The big picture: Molina was the first Latina in the California State Assembly, the Los Angeles City Council and the Los Angeles Board of Supervisors.
- She also served in the administration of former President Jimmy Carter.
What they're saying: "For us, Gloria will be remembered in our hearts as our loving mom and grandmother, protective oldest sister, wise tía, and loyal friend," Martinez said in the statement.
- "Most of all, we will miss Gloria the strong and selfless matriarch of our family."
- "She was the first one to call when she heard that we needed help, the first to volunteer to organize a family celebration, and the first one to tell us what we needed to hear to get back on our feet."
National LULAC president Domingo Garcia lamented the loss of "a great champion of social justice."
- "I was privileged to have known her and worked alongside Gloria on many battles for labor equity and equality for our people," Garcia said in a press release.
- "Also, she was a staunch and unrelenting force for Latinos on issues that included access to housing, health services, investment in Latino barrios, and representation in the halls of power."
- “The values she modeled continue to inform and inspire many of us including putting community first and always doing the right thing, no matter how difficult," said Miguel A. Santana, president and CEO of the Weingart Foundation, a grant-making foundation in California that seeks to advance racial justice.
- "She reminded us that we are not done fighting for equity until the community sees and feels the difference. She always fought the Good Fight with the ganas, ethics, and integrity that would make the community proud," Santana said.
Background: Molina was born in California in 1948 to Mexican parents.

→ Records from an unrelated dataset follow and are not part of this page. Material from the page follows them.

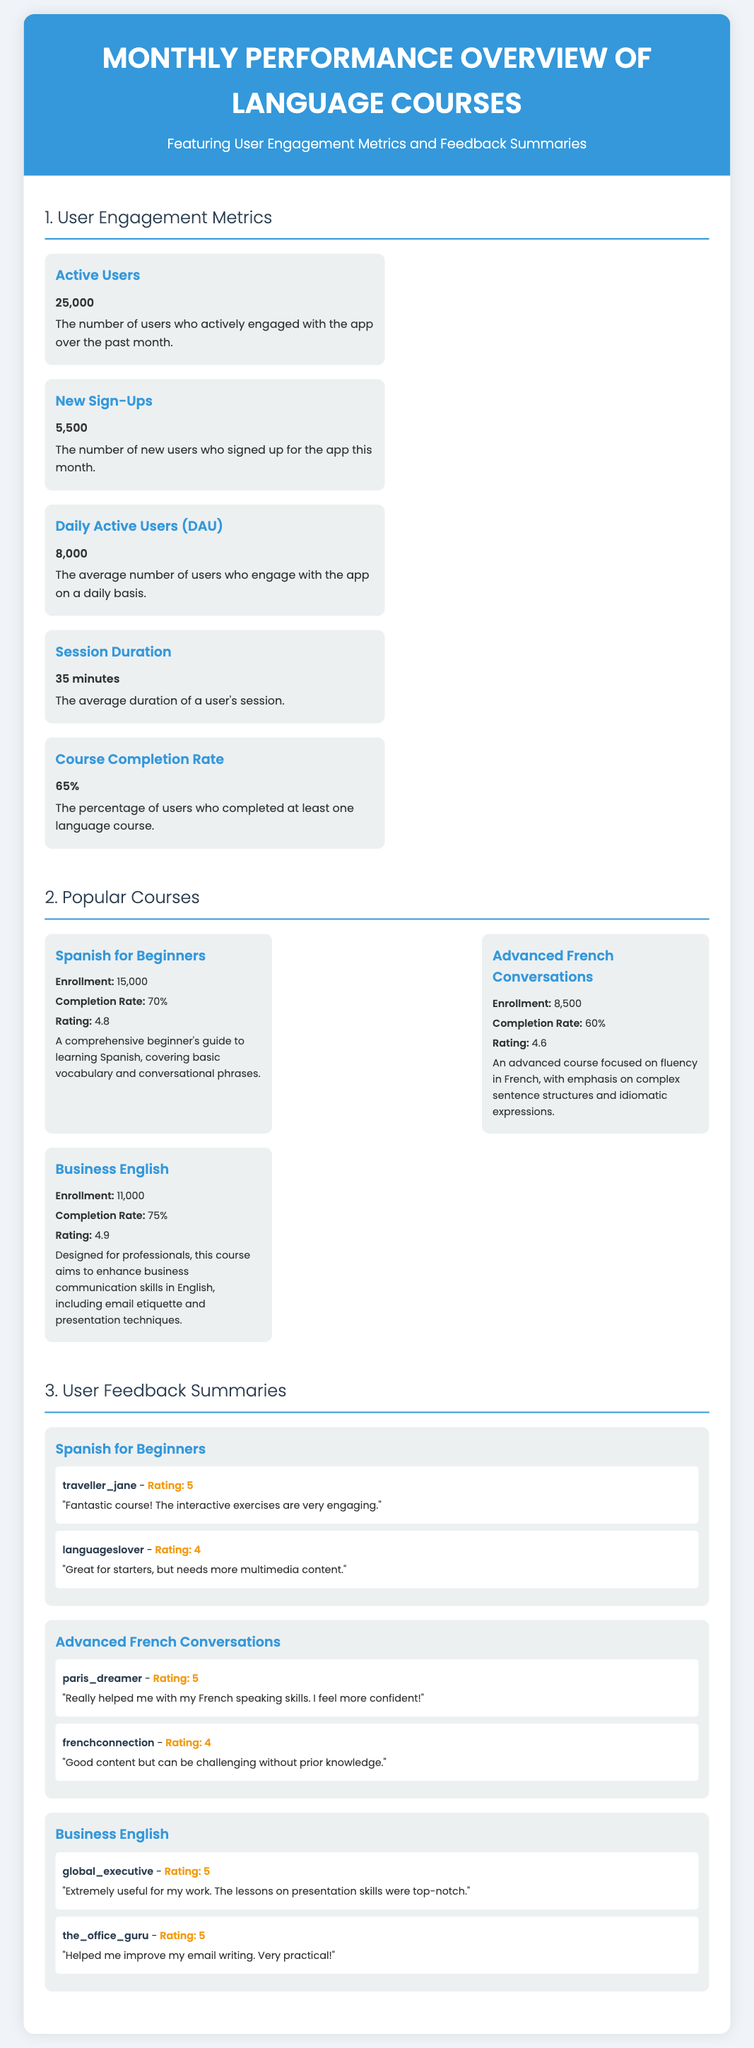What is the total number of active users? The total number of active users is explicitly stated in the document.
Answer: 25,000 What is the completion rate for the Business English course? The completion rate for the Business English course is provided in the details for that course.
Answer: 75% How many new sign-ups were recorded this month? The document specifies the number of new sign-ups for the month.
Answer: 5,500 What is the average session duration? The average session duration is highlighted in the user engagement metrics section.
Answer: 35 minutes Which course has the highest enrollment? The course with the highest enrollment is listed among the popular courses.
Answer: Spanish for Beginners What is the rating for Advanced French Conversations? The rating of the Advanced French Conversations course is mentioned in the feedback summaries.
Answer: 4.6 How many daily active users were reported? The document states the average number of daily active users.
Answer: 8,000 What type of feedback did "traveller_jane" provide for Spanish for Beginners? The feedback from "traveller_jane" is explained in the user feedback summaries.
Answer: "Fantastic course! The interactive exercises are very engaging." Which course targets professionals? The document identifies which course is designed for professionals in the popular courses section.
Answer: Business English

She was the oldest of 10 children.
- She was a community activist and Chicana feminist, volunteering on several political campaigns before joining the Carter administration in 1977 as a staffing specialist in the Office of Presidential Personnel.
- Molina was elected to the California State Assembly in 1982. She served until her 1987 election to the Los Angeles City Council, where she sat until she was elected to the county board of supervisors in 1991.
- Molina was a county supervisor until 2014.